The parks of Washington are one of the city's glories -- not only the great parks of Rock Creek, the Potomac and the Mall, but the small circles and squares. Designed by L'Enfant in his plan for the new capital, they have been cherished, embellished and enjoyed ever since. But now Lafayette Square, handsomest of the downtown parks, is no longer a place to delight the eye and invite the passer-by.

Now Lafayette Square has become the rallying point for demonstrators, protestors, placards, signs, banners, loudspeakers and tents.

And it can no longer provide an adequate forum for the First Amendment needs of the demonstrators. In the last few years the numbers have multipled so that crowds spill over onto Pennsylvania Avenue and are a great worry to those concerned with the safety of the president.

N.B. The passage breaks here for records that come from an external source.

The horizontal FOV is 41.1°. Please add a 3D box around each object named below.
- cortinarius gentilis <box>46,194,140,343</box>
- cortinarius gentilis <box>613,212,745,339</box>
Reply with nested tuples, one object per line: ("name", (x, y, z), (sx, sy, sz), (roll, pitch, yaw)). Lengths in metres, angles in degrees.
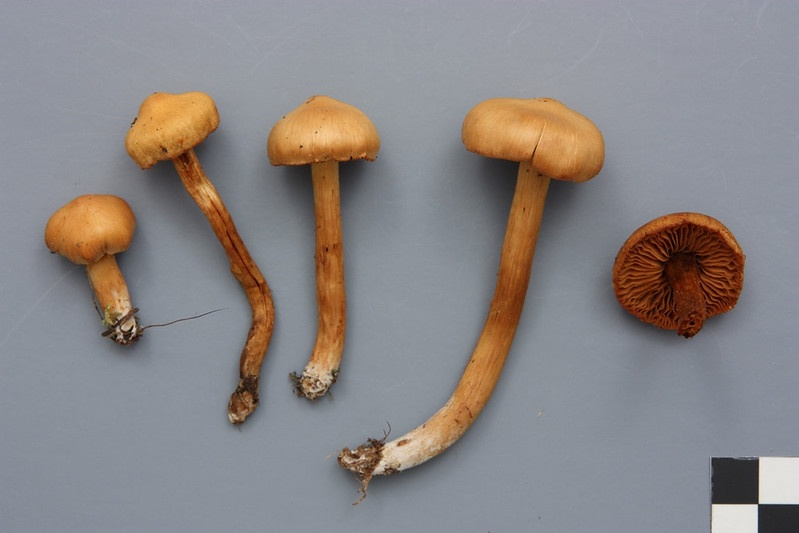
("cortinarius gentilis", (-1.786, 0.031, 6.215), (0.537, 0.897, 0.264), (-1, 0, -8))
("cortinarius gentilis", (1.574, 0.062, 6.080), (0.714, 0.675, 0.364), (-1, 0, 12))
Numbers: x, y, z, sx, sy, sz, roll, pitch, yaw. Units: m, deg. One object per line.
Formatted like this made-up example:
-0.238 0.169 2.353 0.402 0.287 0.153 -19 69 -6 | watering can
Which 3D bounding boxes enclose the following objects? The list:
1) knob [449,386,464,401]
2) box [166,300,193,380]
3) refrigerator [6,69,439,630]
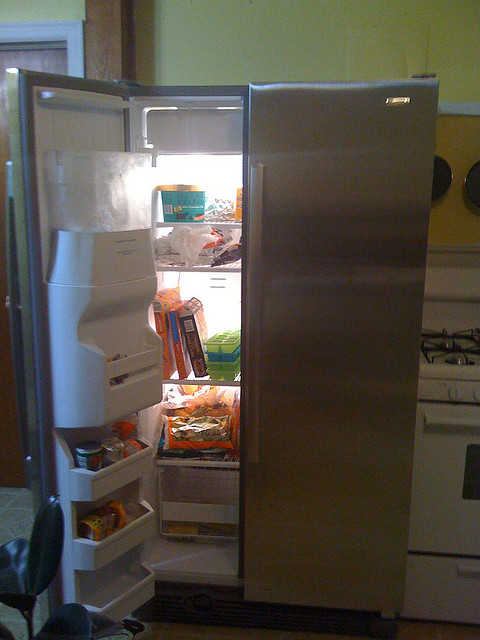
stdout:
0.674 0.224 1.626 0.036 0.045 0.010 0 1 11 | knob
-0.204 0.062 1.780 0.033 0.237 0.089 3 15 11 | box
-0.024 0.159 1.647 1.141 1.712 0.481 -2 11 -10 | refrigerator
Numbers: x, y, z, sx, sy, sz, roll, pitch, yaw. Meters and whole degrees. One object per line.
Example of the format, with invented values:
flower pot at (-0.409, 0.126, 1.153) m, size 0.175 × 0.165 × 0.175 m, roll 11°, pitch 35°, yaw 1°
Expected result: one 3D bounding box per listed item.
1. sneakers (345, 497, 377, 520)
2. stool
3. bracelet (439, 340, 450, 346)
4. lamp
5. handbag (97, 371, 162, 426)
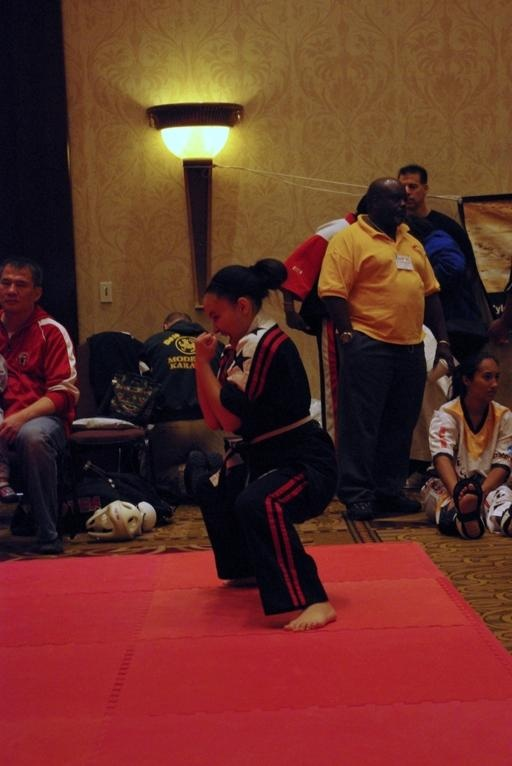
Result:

The right to free speech, the right to dissent, are guaranteed by our Constitution. And certainly the great men whose statues adorn the park's four corners: Lafayette, Rochambeau, Von Steuben and Kosciuszko, who came from France, Germany and Poland to help in our revolution, believed in challenges to the established order. Then there is the heroic statue of Andrew Jackson on his horse in the center of the square. He listened to the voice of the people. None of them would want to deny today's citizens a place of protest.

But does it have to be Lafayette Square? Behind the White House is the Ellipse, a large open space only filled during the Christmas season's Pageant of Peace. Couldn't the Ellipse be used as Washington's place of protest, Washington's Hyde Park? There would be more room for demonstrators, for speakers and for paraphernalia of dissent.

Think what a joy it would be to have Lafayette Square again a thing of beauty, where people can walk, admiring the White House, the long vista up 16th Street, St. John's Church and the facades of the houses preserved by the intervention of President Kennedy.

The park could then be restored to its traditional use as a "public pleasuring ground" and as the site for great national events. There the inaugural stands go up every four years. There somber crowds have mourned the deaths of presidents. And there jubilant crowds have celebrated victories at the ends of wars.

This year, soon after the Pageant of Peace on the Ellipse is over, the building of the inaugural stands in Lafayette Park will get under way. It seems the right time to establish the city's new Hyde Park on the Ellipse. This could be accomplished by executive action through the National Park Service or by congressional action.

Lafayette Square could then be returned to its beauty and serenity.